======== Data to use

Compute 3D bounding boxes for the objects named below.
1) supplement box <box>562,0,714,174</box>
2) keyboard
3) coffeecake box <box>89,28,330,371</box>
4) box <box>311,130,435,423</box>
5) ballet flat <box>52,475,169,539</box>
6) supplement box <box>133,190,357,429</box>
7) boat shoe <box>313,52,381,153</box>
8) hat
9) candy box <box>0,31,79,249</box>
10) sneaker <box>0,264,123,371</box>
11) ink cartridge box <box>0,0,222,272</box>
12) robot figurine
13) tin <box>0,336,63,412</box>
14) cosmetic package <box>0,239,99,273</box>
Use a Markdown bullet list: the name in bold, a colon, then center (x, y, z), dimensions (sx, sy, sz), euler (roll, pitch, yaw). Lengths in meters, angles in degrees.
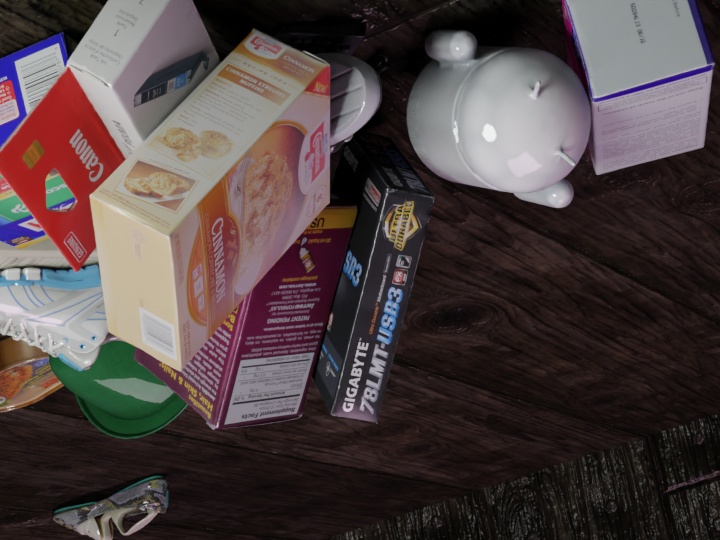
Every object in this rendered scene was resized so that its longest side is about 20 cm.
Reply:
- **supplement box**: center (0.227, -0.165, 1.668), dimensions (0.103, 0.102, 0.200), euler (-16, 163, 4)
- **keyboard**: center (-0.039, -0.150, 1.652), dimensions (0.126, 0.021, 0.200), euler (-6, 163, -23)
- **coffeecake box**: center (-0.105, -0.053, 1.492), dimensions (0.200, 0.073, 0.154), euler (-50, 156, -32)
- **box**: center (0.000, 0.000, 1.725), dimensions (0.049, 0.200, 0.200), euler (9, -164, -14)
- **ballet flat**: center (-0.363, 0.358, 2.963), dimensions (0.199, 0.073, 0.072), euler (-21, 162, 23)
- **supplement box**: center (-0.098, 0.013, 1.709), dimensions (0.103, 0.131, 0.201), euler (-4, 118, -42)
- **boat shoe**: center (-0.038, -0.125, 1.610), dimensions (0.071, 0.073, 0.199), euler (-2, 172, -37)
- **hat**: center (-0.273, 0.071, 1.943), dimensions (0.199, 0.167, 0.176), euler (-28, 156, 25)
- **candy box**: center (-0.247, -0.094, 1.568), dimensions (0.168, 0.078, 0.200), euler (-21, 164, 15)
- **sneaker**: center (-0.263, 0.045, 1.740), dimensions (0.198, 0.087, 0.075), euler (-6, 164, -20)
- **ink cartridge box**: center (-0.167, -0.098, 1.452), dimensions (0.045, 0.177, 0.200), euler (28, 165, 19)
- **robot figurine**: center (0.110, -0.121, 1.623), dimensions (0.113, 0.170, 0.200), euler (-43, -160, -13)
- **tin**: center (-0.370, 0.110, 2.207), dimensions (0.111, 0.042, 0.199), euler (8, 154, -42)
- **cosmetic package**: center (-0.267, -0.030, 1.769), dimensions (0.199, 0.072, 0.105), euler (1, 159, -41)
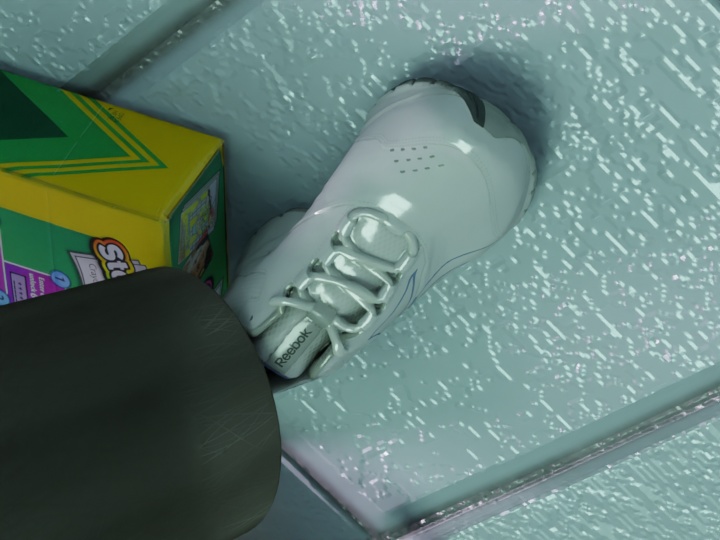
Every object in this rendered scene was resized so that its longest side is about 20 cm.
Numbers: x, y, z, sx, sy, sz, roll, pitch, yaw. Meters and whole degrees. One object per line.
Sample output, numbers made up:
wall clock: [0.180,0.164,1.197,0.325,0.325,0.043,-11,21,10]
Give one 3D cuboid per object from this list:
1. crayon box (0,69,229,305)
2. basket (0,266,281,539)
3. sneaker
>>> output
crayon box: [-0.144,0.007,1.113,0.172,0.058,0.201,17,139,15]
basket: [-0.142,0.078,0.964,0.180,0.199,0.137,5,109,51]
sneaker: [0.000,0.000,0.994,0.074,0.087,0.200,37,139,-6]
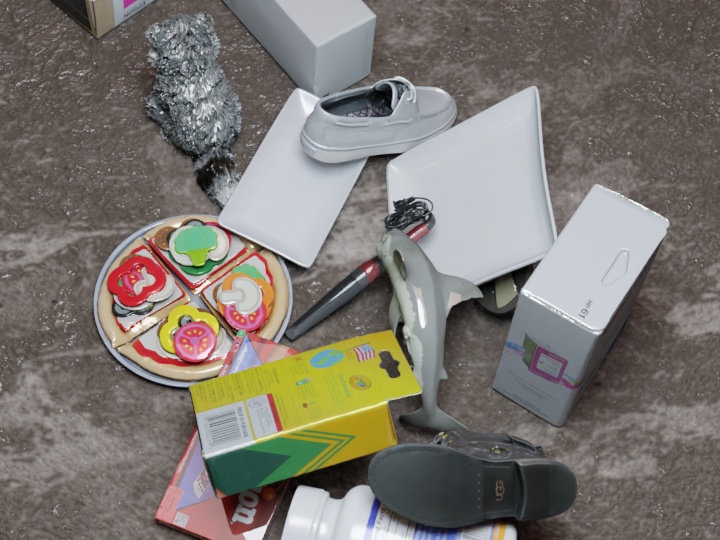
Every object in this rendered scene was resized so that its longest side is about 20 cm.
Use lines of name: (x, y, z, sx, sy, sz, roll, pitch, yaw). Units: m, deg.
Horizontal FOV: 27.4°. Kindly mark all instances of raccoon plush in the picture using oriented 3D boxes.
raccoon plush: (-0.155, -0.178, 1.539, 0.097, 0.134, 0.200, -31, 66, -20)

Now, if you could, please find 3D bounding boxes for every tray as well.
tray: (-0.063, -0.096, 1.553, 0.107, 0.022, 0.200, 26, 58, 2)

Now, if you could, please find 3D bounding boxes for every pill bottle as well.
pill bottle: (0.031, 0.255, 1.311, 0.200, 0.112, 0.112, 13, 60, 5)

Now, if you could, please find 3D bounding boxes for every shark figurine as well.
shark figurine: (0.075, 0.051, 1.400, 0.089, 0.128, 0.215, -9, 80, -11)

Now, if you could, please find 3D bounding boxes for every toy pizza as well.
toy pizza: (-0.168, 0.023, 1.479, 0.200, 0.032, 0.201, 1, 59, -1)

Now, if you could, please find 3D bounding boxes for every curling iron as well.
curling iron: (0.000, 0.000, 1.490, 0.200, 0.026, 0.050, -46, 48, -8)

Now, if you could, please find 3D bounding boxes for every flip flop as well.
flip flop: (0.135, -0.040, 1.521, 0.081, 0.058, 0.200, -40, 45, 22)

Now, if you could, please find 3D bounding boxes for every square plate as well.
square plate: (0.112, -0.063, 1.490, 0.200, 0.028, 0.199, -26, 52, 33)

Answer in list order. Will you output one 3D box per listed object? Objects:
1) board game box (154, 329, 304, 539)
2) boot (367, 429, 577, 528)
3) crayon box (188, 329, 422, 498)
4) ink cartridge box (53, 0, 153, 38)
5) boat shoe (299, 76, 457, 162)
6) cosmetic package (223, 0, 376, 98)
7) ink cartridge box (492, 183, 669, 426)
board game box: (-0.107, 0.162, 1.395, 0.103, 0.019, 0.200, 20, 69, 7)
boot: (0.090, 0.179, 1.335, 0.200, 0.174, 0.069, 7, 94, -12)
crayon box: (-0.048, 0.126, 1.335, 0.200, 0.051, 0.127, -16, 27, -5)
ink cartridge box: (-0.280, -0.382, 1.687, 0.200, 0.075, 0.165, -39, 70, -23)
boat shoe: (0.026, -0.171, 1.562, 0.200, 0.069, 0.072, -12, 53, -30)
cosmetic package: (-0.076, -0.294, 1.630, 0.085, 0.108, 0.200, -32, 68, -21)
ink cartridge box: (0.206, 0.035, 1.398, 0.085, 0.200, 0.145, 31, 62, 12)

================

What to produce
In the data above, repeat exactly each line from the first through the line that contains "14) cosmetic package <box>0,239,99,273</box>", and give nothing else.

Response for this exercise
Compute 3D bounding boxes for the objects named below.
1) supplement box <box>562,0,714,174</box>
2) keyboard
3) coffeecake box <box>89,28,330,371</box>
4) box <box>311,130,435,423</box>
5) ballet flat <box>52,475,169,539</box>
6) supplement box <box>133,190,357,429</box>
7) boat shoe <box>313,52,381,153</box>
8) hat
9) candy box <box>0,31,79,249</box>
10) sneaker <box>0,264,123,371</box>
11) ink cartridge box <box>0,0,222,272</box>
12) robot figurine
13) tin <box>0,336,63,412</box>
14) cosmetic package <box>0,239,99,273</box>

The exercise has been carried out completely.